Un grupo de personas en traje de baño está tendido en la arena con todos los accesorios que se necesitan para un día de playa perfecto: sombrillas, paletas, libros, perros, reposeras, toallas, teléfonos celulares. Sólo faltan el sol y el mar. Desde arriba, en ese galpón techado que hay que buscar en el laberinto de las callejuelas de Venecia, 55 espectadores esperan, expectantes, que la performance comience. Han hecho más de una hora de fila. Es la última función del último día del ganador del León de Oro al mejor pabellón de la Bienal Internacional de Arte 2019. “Los italianos siempre dejamos todo para último momento”, dice una mujer en la cola, y se entienden un par de cosas del ADN del otro lado del Atlántico.
Llegar no fue fácil. Escondido detrás del Campo de la Celestia, más allá del hospital, su aislamiento permite practicar el deporte veneciano más disfrutable: perderse. Tras hacer la fila hay que trepar una escalera y acodarse en una baranda de madera junto con los demás voyeurs. Ya no habrá más oportunidades: por falta de presupuesto para pagar su elenco de performers, el envío lituano cierra casi un mes antes del fin de la bienal.
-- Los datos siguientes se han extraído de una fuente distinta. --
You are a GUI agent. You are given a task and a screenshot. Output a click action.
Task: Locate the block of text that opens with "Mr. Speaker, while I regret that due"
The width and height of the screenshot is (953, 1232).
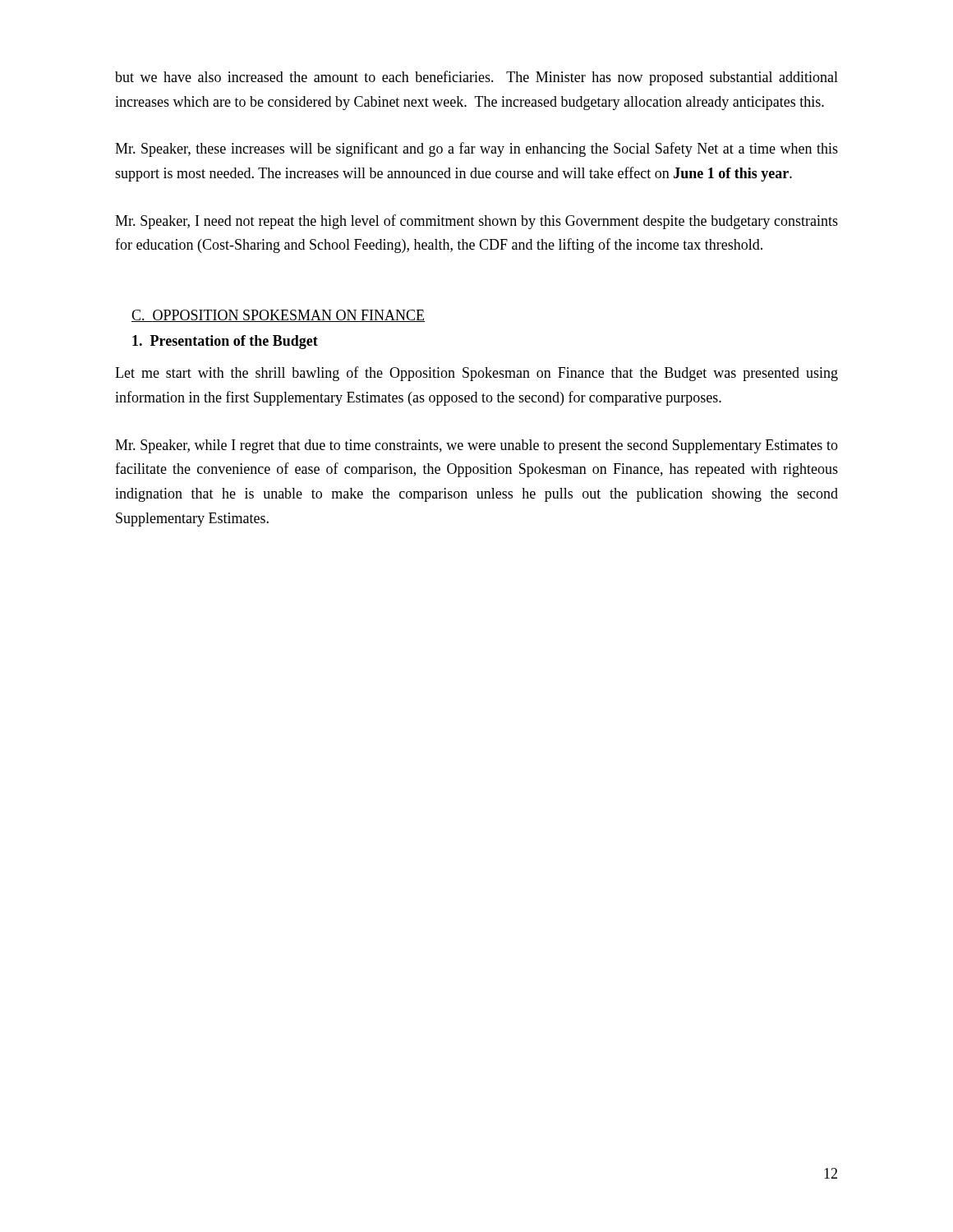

Se tiene la impresión de estar en un corral de comedias de los tiempos isabelinos al que se le ajustó la disposición el escenario. Esos bañistas ahí abajo, en su completa normalidad, parecen ocultar pulsiones shakespeareanas. El canto comienza y la sensación aumenta. La perspectiva imposible (como de banales ángeles de Wim Wenders), la playa insólita (sin mar ni sol), la natural antinaturalidad del canto lírico, crean la atmósfera esencial del arte contemporáneo: producir un desfasaje que habilite la interrogación. No hay que prestar atención a las palabras, sino al extrañamiento que se produce entre ahí abajo y aquí arriba. ¿Quién es ese tenor que ha comenzado a cantar? ¿En qué reposera está, sobre qué pareo está tendido? Cuando se lo ubica, se puede poner ahí el eje de la mirada y desde ese punto, que la voz clava en la arena como el asta de una sombrilla, pasear por el resto de la escena. Las chicas que juegan a la paleta, la pareja que se habla en secreto, el grupo que acaricia y rasca un perro enarenado. Los solos se alternan con coros en los que la escena parece adquirir espesor. Otra voz surge desde lo oculto, y los espectadores comprenden que, al no haber butacas y todo estar ocurriendo debajo, se puede rodear la baranda y ver, del otro lado, cosas que desde donde estaban no se veían. Los pasos sobre la pasarela de madera se integran a la performance como un efecto sonoro. Por momentos, no hay bañista que no esté mirando su teléfono. En otros el canto cuestiona la crisis ecológica del planeta. En poco menos de una hora, el pabellón lituano “Sol y Mar: Marina”, de Rugile Barzdziukaite, Vaiva Grainyte y Lina Lapelyté, apunta que todo lo sólido –incluso la belleza más etérea del canto– se desvanece en la destrucción que dejan, a cada paso, nuestras banales trayectorias. Una lección ambientalista escrita en el pizarrón del rumano Emil Cioran.